Oldsmobile introduced two-, four- and six-cylinder cars, but when financial difficulties loomed in 1908, Billy Durant bought it for his new General Motors conglomerate.

Under GM, Oldsmobile made steady progress to medium-priced models. It offered a V-8 engine from 1916 to 1923, returning to sixes in 1924.

Although losing money in the early 1930s, Oldsmobile survived the Depression with solid, reliable cars. Its 1938 “Safety Automatic Transmission” was the prelude to the 1940 Oldsmobile’s “Hydra-Matic,” the industry’s first fully automatic transmission.

Following the Second World War, Oldsmobile introduced the sturdy, compact, short-stroke, overhead-valve 135-horsepower “Rocket” V-8 in the new 1949 “88” model.

It made Oldsmobile one of the world’s best performing cars, dominating American Automobile Association and NASCAR events. The 88 helped Oldsmobile’s mid-priced sales to fourth in the industry, ultimately reaching third in 1972.

In 1961, Oldsmobile introduced its upscale compact F-85 with an aluminum 3.5-litre (215 cu. in.) V-8. It launched the Cutlass name, one of the industry’s most enduring. More significantly, it introduced the world’s first production exhaust-driven, turbo-supercharger in the 1962 Jetfire sports coupe, beating sister division Chevrolet’s turbocharged Corvair Spyder by a month.
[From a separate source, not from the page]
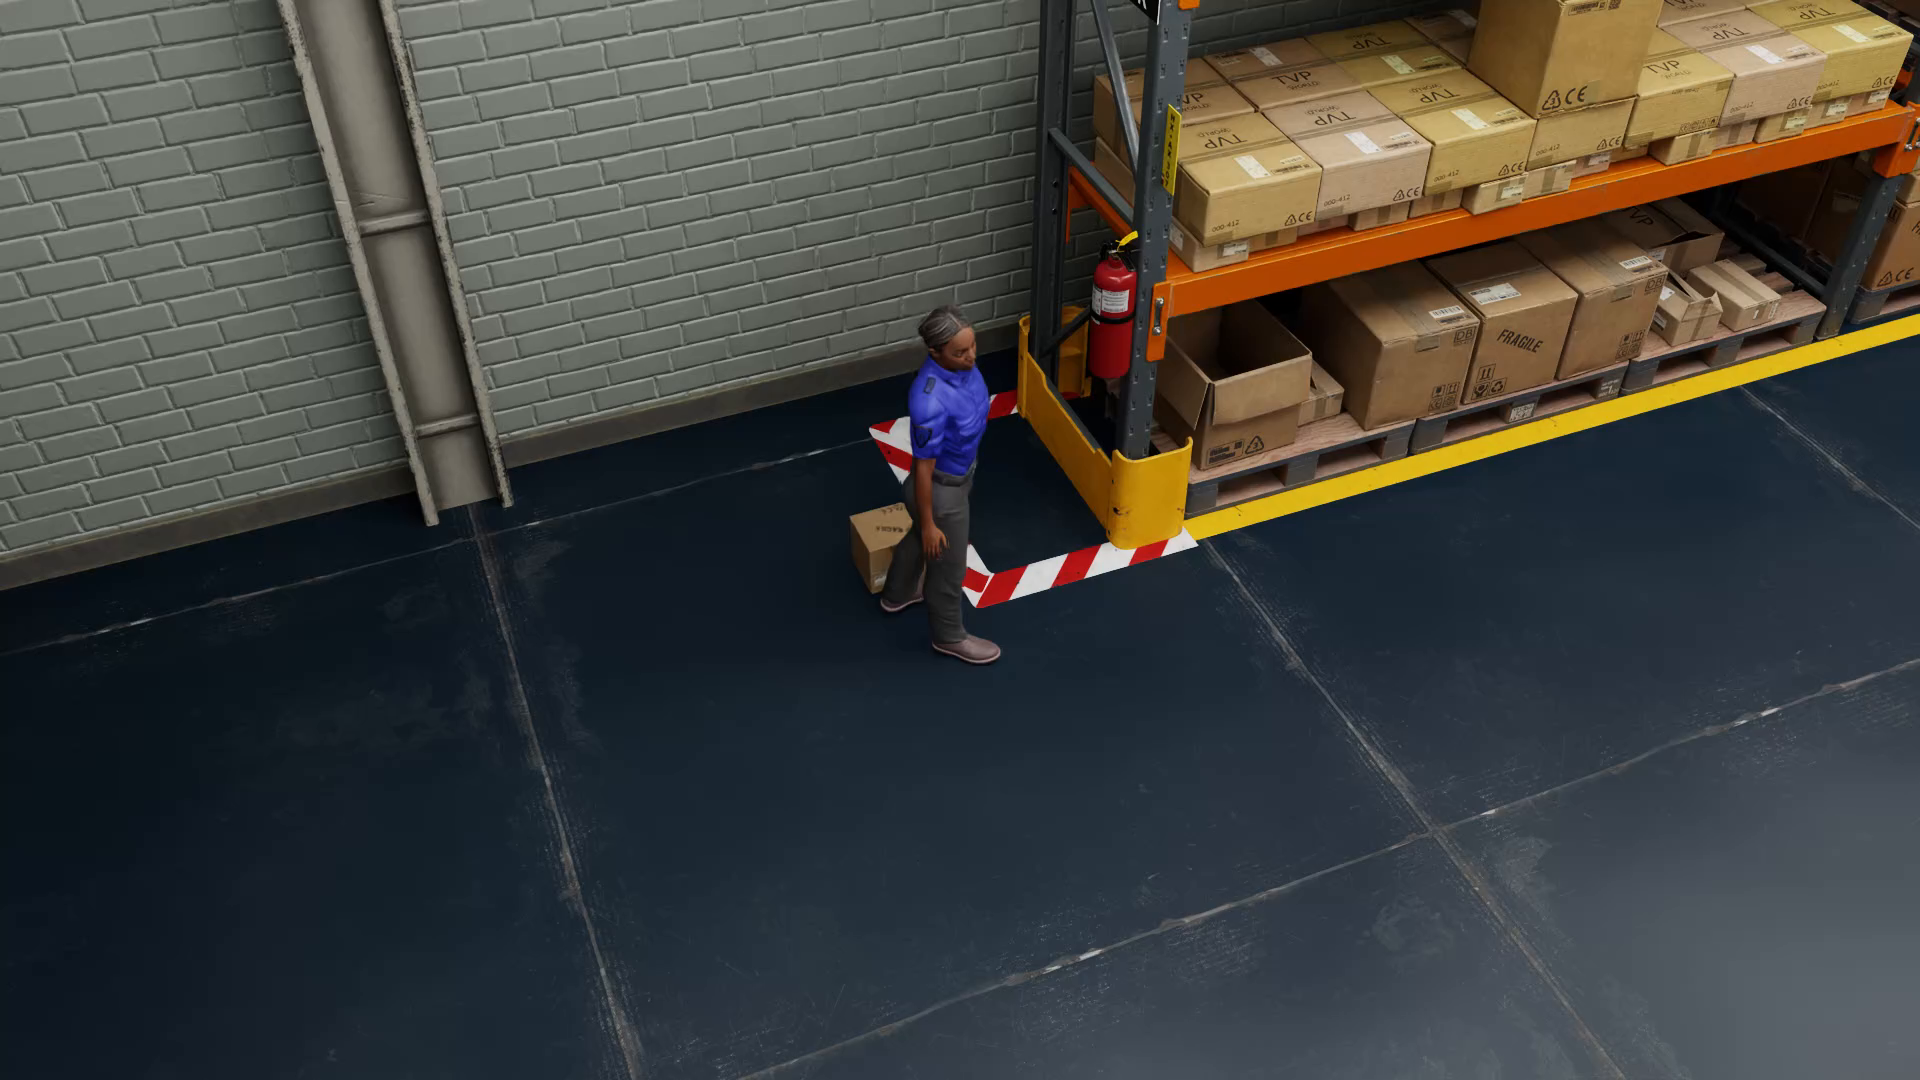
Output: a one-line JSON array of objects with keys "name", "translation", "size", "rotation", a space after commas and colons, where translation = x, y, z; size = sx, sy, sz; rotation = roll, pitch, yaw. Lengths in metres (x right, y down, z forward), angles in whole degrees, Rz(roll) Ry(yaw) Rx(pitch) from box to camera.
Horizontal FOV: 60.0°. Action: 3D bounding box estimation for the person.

Although Oldsmobile introduced turbocharging, bigger engines were cheaper to build and turbocharging was discontinued after a couple of years. Rover of England bought the little V-8 for its cars and SUVs.

Oldsmobile stunned the industry in 1966 with its front-wheel-drive Toronado. Not used in America since the 1930s Cord, Oldsmobile revived FWD in the U.S. and laid the groundwork for GM’s mass changeover to FWD in the 1980s.

As safety concerns rose, Oldsmobile’s 1974 Toronado was the first production car with an inflatable airbag, although it would soon disappear for more than a decade.

Driven by the 1973-74 energy crisis, Oldsmobile marketed the first modern American diesel car in 1978.

The converted 5.7-litre (350 cu in.) gasoline V-8 developed a poor reputation and was discontinued in 1985 after fuel economy concerns subsided.

The drive for better economy in the 1970s and 1980s led GM to more four- and six-cylinder engines. When GM revived twin-overhead-camshaft, four-valves-per-cylinder engines following the star crossed 1975-76 Chevrolet Cosworth Vega, Oldsmobile developed the “Quad-4.” This 150 horsepower, 2.3-litre inline four appeared in the 1988 Oldsmobile Cutlass Calais.

Following the GM trend, Oldsmobile gradually phased out rear-drive, ending with the 1990 Cutlass. Its Bravada SUV arrived in 1991, although not in Canada.

In 1995, Olds reached back to its V-8 days and introduced the luxury-class Aurora with a 4.0-litre version of Cadillac’s Northstar double-overhead-cam, 32- valve V-8 driving the front wheels.

Oldsmobile’s demise in 2004 marked the end of not only the oldest name in American automobiles, but one with a legacy of engineering innovation including turbocharging, fully automatic transmission, modern American front-wheel drive and airbags.